Dominic Episcopo started collecting steaks that look like America.

Here’s the gallery.

Mmm, handburger…

I’m going a bit crazy having not had McDonalds since July. So crazy I might almost buy one of these hand warming mousepads even though I live in the tropics…

Free paper, plain

Mmm. Free paper. A tasty calorie free treat.

Advertised uses include making paper hornets (or wasps in Australia), chewing gum disposal, phone number collection, bookmarking, or “a tasty snack”…

Robots with… stuff

So, you like robots?

That’s probably a pick up line about as likely to get a teenage geek anywhere as just about every other pick up line they might use, that is to say, not very far.

But if you do like robots, and you’ve got a bunch of time because you’re a single teenage geek, then maybe you should head over and check out this attempt to draw 165 Robots with Stuff

You do the map, you do the movie map

The image below may seem almost illegible. In fact, it no doubt will… but click it (or here) and you’ll get a subway map of blockbuster movies. It’s clever.

Bacon jam helps you eat, like, a pig

Pig + Blender = Bacon Jam. That’s the equation celebrated by this shirt.

A shirt that celebrates what is quite possibly the most awesome dining innovation since sliced bread.

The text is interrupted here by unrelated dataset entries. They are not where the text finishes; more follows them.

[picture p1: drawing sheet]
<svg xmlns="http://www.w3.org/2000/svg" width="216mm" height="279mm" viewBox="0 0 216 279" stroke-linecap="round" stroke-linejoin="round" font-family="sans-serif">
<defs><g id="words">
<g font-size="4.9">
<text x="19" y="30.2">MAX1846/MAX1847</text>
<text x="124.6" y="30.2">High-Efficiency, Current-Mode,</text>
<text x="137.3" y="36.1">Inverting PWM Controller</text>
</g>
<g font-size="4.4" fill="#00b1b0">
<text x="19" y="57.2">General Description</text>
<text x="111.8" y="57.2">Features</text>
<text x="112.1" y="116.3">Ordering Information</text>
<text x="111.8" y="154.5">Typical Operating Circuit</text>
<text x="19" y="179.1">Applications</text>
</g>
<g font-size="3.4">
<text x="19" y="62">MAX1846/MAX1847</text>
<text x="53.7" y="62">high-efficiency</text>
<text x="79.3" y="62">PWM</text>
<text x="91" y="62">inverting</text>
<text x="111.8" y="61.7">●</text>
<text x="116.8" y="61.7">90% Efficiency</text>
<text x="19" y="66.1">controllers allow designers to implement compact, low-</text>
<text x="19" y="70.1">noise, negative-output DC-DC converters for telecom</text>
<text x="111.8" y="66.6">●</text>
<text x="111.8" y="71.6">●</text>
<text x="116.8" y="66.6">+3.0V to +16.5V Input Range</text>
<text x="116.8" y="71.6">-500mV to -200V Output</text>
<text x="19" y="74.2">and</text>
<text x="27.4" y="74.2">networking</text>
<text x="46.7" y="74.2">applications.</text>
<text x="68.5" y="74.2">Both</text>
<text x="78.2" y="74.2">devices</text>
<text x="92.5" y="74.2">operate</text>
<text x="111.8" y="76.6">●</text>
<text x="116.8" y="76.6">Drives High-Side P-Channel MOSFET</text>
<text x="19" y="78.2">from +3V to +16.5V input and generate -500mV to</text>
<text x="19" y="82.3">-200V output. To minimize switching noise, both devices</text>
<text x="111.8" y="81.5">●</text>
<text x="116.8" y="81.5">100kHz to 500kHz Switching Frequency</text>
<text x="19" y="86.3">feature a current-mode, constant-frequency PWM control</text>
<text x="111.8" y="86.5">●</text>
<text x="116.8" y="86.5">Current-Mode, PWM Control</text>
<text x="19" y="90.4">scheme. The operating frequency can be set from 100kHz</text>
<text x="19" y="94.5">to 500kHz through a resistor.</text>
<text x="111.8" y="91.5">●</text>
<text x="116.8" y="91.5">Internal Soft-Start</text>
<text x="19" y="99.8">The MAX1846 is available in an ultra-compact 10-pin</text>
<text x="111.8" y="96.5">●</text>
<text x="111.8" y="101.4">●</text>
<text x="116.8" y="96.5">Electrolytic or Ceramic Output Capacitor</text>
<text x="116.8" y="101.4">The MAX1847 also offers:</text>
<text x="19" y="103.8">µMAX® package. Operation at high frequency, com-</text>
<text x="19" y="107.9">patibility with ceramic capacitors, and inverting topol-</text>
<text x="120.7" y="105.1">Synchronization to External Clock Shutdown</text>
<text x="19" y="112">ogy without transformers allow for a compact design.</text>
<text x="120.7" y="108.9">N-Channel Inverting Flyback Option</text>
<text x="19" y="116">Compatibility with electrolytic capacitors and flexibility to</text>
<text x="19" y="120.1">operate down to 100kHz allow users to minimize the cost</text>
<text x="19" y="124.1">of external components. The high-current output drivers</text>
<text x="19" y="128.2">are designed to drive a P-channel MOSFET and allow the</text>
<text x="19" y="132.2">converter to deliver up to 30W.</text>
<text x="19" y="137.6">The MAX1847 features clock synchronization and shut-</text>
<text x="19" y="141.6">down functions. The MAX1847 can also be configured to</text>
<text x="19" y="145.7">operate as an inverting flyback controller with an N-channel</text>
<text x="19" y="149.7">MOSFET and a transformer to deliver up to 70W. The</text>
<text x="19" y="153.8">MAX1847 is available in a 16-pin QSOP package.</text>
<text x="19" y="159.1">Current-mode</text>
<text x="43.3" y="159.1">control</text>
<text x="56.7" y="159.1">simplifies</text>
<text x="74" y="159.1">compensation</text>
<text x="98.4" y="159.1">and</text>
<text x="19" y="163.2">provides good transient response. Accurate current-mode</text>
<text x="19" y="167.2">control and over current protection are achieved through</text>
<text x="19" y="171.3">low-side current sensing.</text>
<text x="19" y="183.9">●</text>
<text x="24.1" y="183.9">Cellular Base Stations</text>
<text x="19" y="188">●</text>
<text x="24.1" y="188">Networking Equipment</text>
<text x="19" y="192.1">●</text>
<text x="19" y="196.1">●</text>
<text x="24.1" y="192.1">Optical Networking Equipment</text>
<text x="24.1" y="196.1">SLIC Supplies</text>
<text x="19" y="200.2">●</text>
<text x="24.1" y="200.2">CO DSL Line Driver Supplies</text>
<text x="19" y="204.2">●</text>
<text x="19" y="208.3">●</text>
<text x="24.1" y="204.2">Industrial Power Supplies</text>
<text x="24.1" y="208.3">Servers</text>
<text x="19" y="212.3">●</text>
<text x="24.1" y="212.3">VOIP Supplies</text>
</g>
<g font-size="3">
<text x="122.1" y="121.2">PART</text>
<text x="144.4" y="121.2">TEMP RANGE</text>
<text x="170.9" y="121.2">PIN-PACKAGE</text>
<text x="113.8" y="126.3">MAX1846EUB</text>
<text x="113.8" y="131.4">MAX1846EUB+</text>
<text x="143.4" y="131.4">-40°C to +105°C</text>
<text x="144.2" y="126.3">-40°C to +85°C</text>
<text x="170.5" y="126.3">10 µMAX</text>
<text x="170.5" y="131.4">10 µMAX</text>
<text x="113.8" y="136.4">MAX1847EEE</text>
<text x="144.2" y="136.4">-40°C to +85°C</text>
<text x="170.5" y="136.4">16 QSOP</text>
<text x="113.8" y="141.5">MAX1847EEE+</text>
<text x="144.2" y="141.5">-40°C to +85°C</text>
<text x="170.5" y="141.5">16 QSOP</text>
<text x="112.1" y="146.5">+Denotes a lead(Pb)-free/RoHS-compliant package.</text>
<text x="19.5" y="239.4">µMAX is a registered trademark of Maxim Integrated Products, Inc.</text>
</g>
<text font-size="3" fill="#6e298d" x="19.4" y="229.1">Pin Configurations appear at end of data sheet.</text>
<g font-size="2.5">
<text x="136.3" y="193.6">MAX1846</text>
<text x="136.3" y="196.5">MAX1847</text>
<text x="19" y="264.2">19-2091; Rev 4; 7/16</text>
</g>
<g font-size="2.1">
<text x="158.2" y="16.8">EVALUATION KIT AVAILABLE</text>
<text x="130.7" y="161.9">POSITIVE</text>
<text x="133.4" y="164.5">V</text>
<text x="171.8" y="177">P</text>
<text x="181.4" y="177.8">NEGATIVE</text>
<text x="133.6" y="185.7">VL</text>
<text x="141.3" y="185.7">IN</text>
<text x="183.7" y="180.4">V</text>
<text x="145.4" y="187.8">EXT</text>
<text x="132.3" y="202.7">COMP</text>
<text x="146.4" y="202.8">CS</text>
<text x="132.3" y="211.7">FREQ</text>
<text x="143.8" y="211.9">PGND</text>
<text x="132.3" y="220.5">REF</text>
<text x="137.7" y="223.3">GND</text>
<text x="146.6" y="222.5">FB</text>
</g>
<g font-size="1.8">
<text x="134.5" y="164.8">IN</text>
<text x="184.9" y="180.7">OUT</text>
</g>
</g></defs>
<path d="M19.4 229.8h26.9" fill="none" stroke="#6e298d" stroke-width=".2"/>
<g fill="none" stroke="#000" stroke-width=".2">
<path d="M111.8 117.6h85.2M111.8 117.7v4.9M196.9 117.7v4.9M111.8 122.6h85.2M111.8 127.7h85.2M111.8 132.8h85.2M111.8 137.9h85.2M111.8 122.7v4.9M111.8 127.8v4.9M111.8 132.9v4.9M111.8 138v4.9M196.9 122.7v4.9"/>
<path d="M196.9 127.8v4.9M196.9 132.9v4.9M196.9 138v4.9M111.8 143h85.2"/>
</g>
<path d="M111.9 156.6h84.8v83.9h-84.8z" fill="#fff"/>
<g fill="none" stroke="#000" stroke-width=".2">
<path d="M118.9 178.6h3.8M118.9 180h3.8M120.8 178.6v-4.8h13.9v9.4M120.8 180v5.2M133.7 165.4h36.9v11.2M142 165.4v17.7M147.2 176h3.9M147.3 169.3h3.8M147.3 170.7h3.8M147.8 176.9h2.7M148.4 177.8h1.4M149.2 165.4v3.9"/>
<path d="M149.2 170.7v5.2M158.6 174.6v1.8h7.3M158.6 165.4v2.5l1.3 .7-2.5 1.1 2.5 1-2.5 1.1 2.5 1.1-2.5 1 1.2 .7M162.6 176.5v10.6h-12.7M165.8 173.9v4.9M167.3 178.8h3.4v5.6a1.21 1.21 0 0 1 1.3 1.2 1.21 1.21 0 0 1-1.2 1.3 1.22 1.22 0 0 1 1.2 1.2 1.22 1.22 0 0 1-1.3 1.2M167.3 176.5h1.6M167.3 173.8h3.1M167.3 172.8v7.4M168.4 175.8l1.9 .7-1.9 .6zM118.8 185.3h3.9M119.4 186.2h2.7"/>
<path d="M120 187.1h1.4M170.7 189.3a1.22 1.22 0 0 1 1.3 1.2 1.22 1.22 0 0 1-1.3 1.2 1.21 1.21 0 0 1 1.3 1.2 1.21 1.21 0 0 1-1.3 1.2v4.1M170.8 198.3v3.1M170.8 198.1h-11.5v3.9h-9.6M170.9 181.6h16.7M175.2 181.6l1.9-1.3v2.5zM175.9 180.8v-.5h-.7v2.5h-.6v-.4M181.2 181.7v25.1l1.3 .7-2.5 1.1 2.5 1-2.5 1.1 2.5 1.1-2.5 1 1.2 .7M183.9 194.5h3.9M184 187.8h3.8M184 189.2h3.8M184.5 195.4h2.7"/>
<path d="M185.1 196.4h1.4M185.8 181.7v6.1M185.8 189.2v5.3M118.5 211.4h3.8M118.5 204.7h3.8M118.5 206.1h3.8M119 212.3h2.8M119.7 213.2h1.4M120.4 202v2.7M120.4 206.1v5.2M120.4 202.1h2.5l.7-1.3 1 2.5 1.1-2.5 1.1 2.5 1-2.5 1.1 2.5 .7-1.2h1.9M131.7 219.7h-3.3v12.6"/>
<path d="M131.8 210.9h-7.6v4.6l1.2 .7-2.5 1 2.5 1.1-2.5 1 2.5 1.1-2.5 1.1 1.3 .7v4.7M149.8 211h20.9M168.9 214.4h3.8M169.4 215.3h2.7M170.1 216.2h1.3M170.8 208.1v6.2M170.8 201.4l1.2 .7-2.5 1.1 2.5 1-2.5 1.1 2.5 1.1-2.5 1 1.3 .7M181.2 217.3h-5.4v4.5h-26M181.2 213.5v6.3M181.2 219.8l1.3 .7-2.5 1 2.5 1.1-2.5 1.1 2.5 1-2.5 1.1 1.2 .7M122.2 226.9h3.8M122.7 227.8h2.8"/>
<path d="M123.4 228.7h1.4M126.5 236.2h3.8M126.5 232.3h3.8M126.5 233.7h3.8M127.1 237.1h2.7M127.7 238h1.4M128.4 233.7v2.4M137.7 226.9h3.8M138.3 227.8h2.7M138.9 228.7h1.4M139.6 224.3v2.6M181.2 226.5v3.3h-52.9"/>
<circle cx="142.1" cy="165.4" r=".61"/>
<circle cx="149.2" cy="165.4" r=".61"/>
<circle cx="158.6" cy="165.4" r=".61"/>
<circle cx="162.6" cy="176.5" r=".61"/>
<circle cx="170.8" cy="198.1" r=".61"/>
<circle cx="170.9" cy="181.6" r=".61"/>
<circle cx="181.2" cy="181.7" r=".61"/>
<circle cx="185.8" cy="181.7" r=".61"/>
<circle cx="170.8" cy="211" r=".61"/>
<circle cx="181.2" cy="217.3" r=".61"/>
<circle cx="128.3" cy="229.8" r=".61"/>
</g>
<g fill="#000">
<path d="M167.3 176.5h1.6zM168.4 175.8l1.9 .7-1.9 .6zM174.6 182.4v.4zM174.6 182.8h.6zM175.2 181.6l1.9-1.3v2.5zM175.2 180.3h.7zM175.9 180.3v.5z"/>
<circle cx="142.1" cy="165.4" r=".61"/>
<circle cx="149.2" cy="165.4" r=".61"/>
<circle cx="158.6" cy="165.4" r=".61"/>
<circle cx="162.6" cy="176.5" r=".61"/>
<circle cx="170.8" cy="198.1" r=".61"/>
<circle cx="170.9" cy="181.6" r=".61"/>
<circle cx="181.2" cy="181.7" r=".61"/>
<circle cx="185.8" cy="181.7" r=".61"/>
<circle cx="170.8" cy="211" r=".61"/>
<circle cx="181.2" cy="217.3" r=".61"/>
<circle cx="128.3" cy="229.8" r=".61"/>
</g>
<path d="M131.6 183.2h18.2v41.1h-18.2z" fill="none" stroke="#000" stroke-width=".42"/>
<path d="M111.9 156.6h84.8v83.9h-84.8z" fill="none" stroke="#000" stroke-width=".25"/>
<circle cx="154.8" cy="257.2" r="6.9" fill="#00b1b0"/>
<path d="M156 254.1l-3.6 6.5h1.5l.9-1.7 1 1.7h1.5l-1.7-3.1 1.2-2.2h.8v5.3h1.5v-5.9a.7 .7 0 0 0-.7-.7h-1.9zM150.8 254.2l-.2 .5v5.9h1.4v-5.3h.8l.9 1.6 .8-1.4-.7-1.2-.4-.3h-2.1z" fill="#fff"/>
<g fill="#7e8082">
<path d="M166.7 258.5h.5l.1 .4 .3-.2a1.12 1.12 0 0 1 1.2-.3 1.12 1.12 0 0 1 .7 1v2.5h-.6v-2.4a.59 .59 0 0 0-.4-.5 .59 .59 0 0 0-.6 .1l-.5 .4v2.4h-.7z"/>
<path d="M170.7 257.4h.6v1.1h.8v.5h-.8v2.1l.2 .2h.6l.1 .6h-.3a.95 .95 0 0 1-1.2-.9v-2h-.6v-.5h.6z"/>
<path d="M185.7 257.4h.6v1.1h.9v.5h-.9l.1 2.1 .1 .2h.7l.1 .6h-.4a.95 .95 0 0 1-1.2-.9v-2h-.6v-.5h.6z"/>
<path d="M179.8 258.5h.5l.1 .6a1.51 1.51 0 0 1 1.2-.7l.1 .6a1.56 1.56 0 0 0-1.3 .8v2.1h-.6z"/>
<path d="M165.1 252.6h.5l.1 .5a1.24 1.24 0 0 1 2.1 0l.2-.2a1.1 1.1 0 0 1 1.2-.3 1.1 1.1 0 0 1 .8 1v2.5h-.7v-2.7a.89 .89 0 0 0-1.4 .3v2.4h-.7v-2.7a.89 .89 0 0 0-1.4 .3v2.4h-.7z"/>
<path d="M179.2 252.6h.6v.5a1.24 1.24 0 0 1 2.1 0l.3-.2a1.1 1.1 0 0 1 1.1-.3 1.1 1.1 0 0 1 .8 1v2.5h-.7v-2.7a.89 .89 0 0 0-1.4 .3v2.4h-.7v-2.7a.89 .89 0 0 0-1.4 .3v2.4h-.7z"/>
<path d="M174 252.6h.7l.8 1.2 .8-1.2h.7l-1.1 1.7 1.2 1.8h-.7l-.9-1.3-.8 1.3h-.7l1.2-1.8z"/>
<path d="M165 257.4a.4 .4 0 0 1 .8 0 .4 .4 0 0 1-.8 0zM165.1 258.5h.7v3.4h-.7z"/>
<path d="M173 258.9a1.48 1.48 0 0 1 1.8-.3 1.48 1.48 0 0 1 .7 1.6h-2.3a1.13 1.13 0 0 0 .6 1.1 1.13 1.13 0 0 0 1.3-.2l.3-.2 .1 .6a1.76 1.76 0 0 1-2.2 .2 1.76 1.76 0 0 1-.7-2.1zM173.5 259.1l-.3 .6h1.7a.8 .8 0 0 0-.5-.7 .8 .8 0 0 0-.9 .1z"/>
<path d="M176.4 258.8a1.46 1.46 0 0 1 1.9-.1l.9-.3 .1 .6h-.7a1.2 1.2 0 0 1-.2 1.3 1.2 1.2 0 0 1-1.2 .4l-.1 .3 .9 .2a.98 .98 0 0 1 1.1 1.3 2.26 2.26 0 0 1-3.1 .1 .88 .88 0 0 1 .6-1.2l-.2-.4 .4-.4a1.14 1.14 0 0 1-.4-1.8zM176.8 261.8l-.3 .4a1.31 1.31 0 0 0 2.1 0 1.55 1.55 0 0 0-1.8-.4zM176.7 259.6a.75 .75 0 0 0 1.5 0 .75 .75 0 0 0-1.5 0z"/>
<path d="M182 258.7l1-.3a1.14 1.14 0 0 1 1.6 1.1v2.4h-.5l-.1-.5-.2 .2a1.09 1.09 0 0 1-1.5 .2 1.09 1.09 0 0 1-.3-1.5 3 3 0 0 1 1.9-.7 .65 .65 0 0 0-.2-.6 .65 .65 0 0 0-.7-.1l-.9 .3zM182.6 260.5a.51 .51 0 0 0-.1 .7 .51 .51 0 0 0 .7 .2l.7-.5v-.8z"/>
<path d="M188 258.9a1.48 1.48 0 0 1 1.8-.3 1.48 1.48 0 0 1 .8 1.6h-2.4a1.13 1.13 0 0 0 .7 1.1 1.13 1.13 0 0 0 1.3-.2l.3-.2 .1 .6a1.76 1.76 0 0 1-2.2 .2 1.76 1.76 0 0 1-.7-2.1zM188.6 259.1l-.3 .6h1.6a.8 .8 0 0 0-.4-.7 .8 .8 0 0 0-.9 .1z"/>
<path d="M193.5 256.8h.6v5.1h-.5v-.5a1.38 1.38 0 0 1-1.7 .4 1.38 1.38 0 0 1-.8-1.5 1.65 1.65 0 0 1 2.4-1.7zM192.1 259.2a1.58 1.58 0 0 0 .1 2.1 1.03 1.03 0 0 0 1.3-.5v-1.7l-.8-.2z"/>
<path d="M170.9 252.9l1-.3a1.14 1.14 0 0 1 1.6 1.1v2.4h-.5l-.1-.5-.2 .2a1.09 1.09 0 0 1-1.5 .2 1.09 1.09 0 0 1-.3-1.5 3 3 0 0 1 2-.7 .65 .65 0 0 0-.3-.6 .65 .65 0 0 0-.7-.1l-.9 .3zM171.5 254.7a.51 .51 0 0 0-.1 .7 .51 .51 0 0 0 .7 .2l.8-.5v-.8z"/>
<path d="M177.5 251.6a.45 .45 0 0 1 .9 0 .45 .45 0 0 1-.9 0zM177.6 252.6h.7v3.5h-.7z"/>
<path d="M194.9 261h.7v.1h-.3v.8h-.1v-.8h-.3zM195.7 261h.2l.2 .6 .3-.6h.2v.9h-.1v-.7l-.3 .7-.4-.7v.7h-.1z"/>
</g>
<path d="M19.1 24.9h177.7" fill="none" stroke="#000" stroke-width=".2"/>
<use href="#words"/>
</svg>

When man first sliced bread he was left facing a conundrum – what to put on this slab of excellence that would enhance it. Bacon jam is the answer.

“…….we take a big bunch of really really good bacon, and render it down…add a bunch of spices..onions, etc..and let it simmer for about 6 hours…give it a quick puree, and blast chill it…and you have bacon jam.”

Tale of the tape

This film themed sticky tape is pretty cool. I can’t think of any reason that you’d want to buy it, unless you’re storyboarding animation projects for work

It’s Pac time

My love for cereal is well documented. Cereal should be one of the five food groups… Beer, Bacon, Coffee, Chocolate and Cereal.

This, I believe, is the pinnacle of cereal theming – the Pacman breakfast cereal, featuring marshmallows.

From this site – dedicated to collecting details about the breakfast cereals of today for the cerealphiles of tomorrow…

Handy Art

This gallery of hand art is pretty spectacular.

Lego Mario Bros

This giant Lego Mario statue is for sale on eBay. For another day. It’s currently at 3,500 Euros.